While I treated this as any other interview (albeit a whole lot more personal), I could see Paul grappling with the magnitude of the situation. Before my eyes he was melting into information overload. At the core of it was this – my breasts appeared to be perfectly healthy why would I consider chopping one/both of them off? Fact of the matter was – at least one of them was diseased. I had no real attachment anymore. My gut feel was it had to go, and if subjecting my body to the more radical option of surgery in order to rid myself of cancer and protect from it in the future – Dr D may as well take both.

Dr D gave me time, said another week wasn’t going to alter the outcome. That period of grace gave me time to try and sift through all the pros & cons – but ultimately, the decision was mine.

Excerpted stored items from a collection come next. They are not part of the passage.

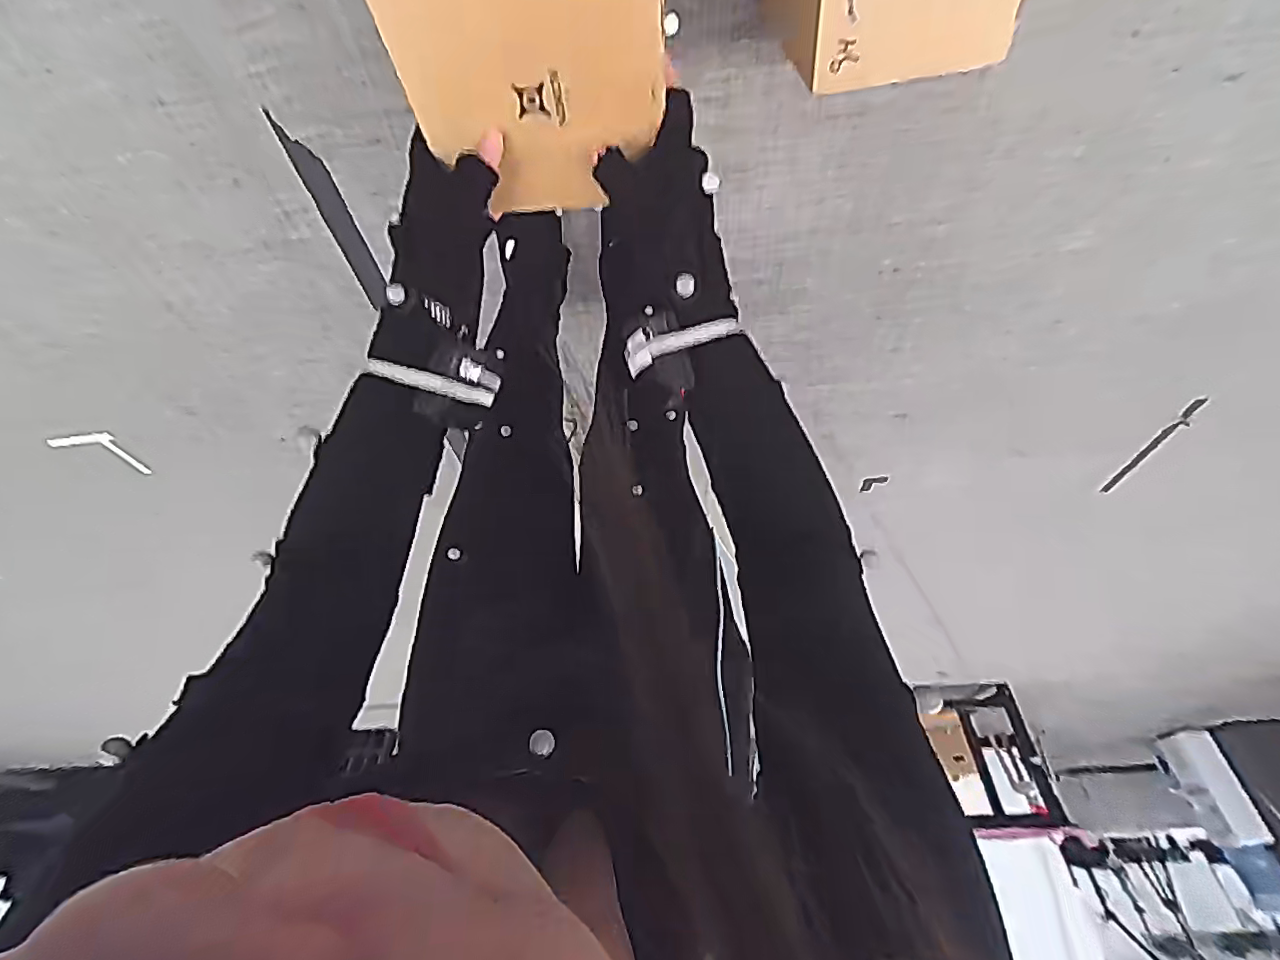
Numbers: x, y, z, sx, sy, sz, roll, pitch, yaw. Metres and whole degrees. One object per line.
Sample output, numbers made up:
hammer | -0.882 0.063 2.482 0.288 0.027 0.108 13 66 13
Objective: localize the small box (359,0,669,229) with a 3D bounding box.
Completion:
small box | -0.069 -0.314 0.396 0.179 0.176 0.168 -3 156 2
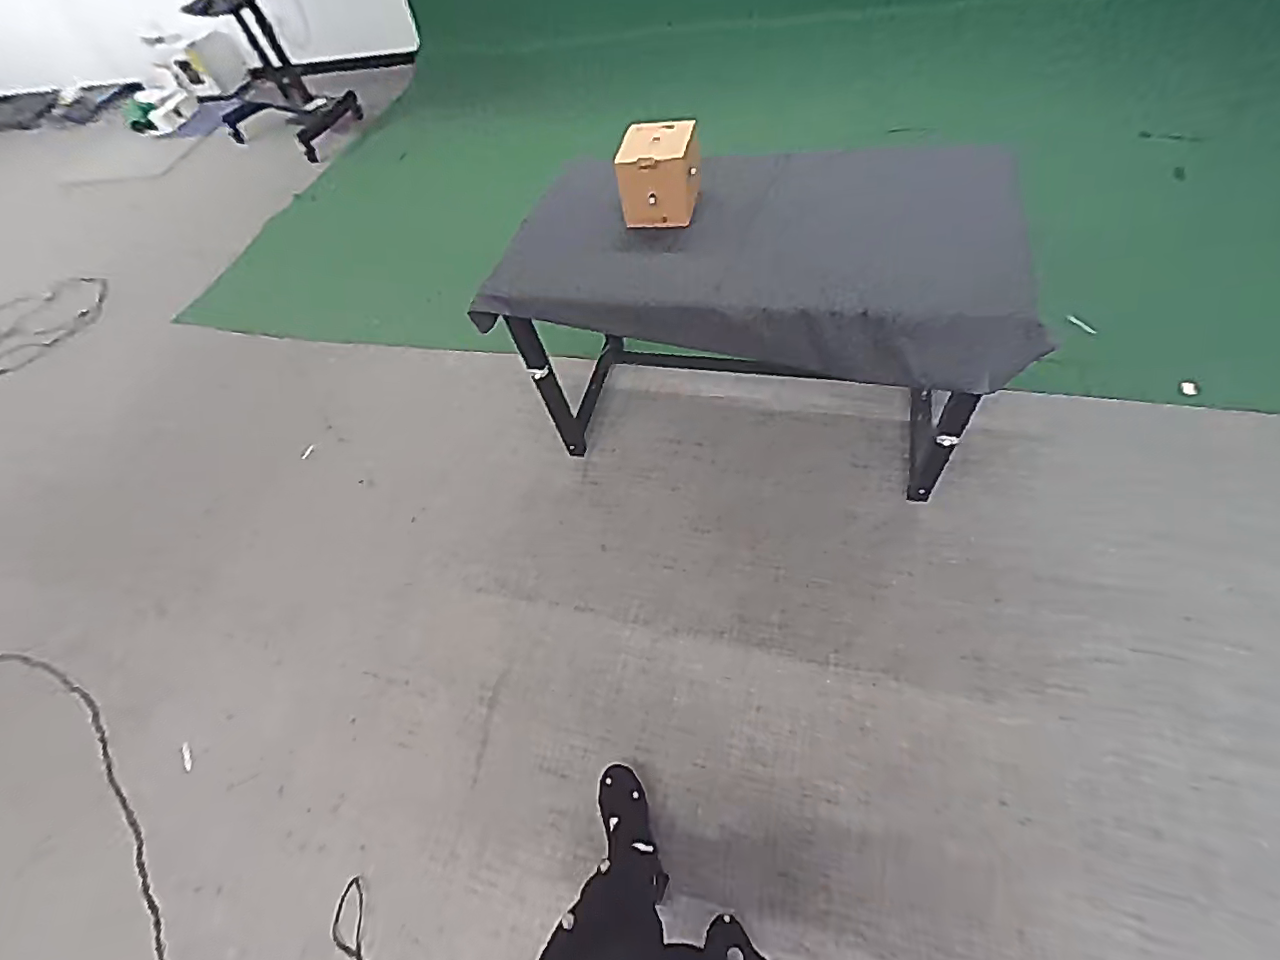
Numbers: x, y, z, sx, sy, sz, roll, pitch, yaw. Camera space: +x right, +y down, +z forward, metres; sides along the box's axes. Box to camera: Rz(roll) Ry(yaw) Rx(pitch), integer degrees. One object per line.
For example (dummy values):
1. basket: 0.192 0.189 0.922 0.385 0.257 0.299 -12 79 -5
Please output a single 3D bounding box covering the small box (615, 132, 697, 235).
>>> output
1. small box: 0.049 -0.740 1.366 0.168 0.176 0.179 2 57 14

I set about speaking to all Doctors involved in my health care, including the Gynaecologist looking after the baby-making efforts. Her words were harsh but very clear “Cancer can kill, and there can’t be a baby if you’re not here.” Point taken.

My family GP was initially strongly against the surgical option saying the radiotherapy offered now can knock out the nasty cells. The footnote was “for now”. I’m sorry, but a band-aid solution was not enough.

I really felt that the radiotherapy was only a ‘short-term’ fix and there was the possibility I may have to face this again at some point in my future. Even so – I went to see a Radiation Oncologist. He explained that if the cancer returned it wouldn’t be possible to use radiation on the same area again, so mastectomy is therefore the only option. He is highly respected, but did little to change my mind. In fact he told me that the radical surgery was “a bit like taking a sledge-hammer to hit a nail.” Well, excuse me! If there’s a sledge-hammer available to smash this so there’s next to no chance it will get me again, then I’m going to grab it with both hands.

This phrase helped seal the deal. I’m 31. I would like to get to his age thank you very much. If surgery can give me the better odds, then I’ll do it.